Glad to hear it's working now.


----------



## belledumonde (May 3, 2006)

hello! its a month later and i've run into the same problem again only now with my card reader. maybe it will be ok once i restart the computer, but could you possibly tell me why this is happening?

thanks!


----------



## Zazula (Apr 27, 2006)

I believe what's most probably happening is described in this article:
USB port may stop working after removing or inserting USB device

Other possibilities:
1. USB Devices May Not Work After You Unplug a Downstream USB Hub from the Host Controller
2. A USB device is not recognized if you attach it immediately after your Windows XP-based computer comes out of standby or hibernation
3. A USB device that is connected to a USB 2.0 hub is not detected in Windows XP Service Pack 2, Windows Server 2003 Service Pack 1, or Windows Server 2003 x64 versions
4. FIX: Fast swap of USB devices may cause USB host controller to stop functioning in Windows XP

If you have pre-SP1 Windows XP:
You Receive a "USB Device Not Recognized" Error Message When You Resume Your Computer from Suspend or Hibernation

Additional troubleshooting resource:
General USB troubleshooting in Windows XP


----------



## belledumonde (May 3, 2006)

oh okay, thanks for all the links explaining why this is happening! 

very helpful


----------



## Klasper (Oct 5, 2006)

Forgive me for ressurecting this old thead, but I just recently started having this very same issue. I use wireless internet and recently bought a d-link adapter to connect to my home network. It was working fine for a couple of days and then i updated my video card drivers and reset my machine. When I reset it the light on the adapter that lets you know that it's on just turned off and i got that usb device not recognized error. I try plugging my flash drive into a port and get the same error. Here's the funny part though..the keyboard i was using was usb and worked perfectly and so did my wireless mouse receiver. Then i plug in a completely different usb wireless device and it reads it just fine.
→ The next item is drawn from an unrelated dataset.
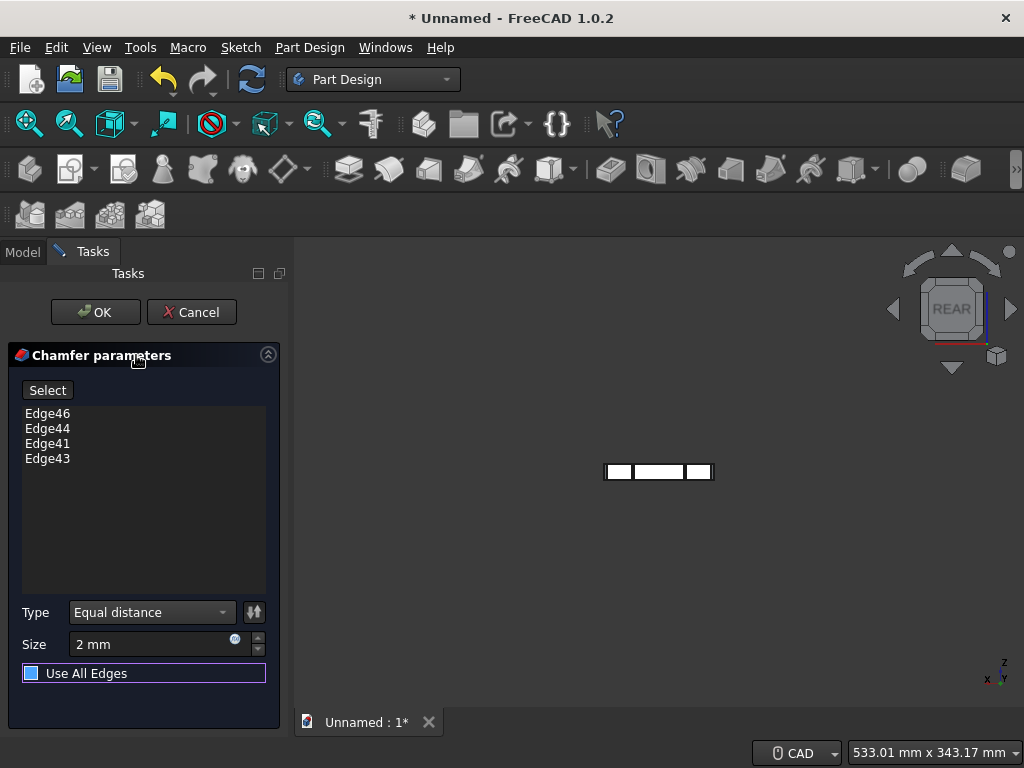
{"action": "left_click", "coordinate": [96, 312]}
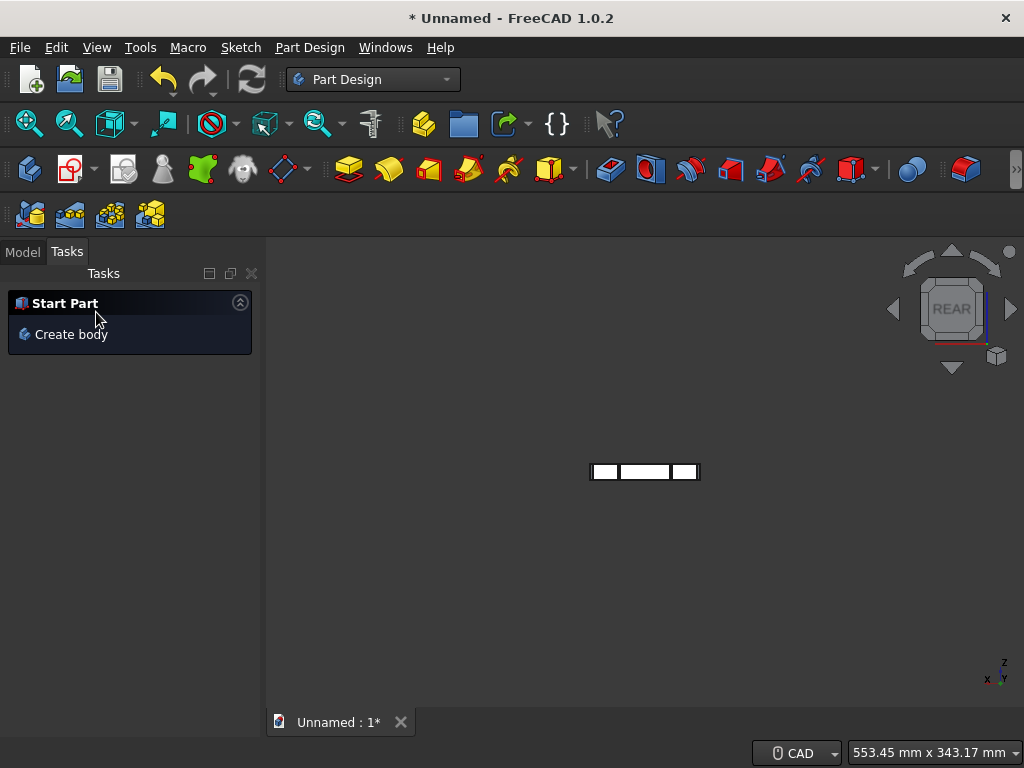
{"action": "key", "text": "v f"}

What would you guys suggest in this situation?


----------



## ymhuang (Jul 15, 2008)

USB port may stop working after removing or inserting USB device

Does any one know above article apply to Windows Vista SP1 too? 

The article only say it applies to below OSes -

* Microsoft Windows XP Professional
* Microsoft Windows XP Professional SP1
* Microsoft Windows XP Home Edition
* Microsoft Windows Server 2003, Standard Edition (32-bit x86)
* Microsoft Windows Server 2003, Enterprise Edition (32-bit x86)
* Microsoft Windows Server 2003, Datacenter Edition (32-bit x86)
* Microsoft Windows Server 2003, Web Edition
* Microsoft Windows Server 2003, Enterprise Edition for Itanium-based Systems
* Microsoft Windows Server 2003, Datacenter Edition for Itanium-Based Systems
* Microsoft Windows Server 2003 Service Pack 1

But it also talk about how to do in Vista, I am wondering does the same issue happen on Vista too. 

I met a issue that USB HUB cannot enumerate USB device if I repeatedly reboot my Vista SP1 system. But to reactive USB host controller in device manage or to restart my system can enumerate USB device.


----------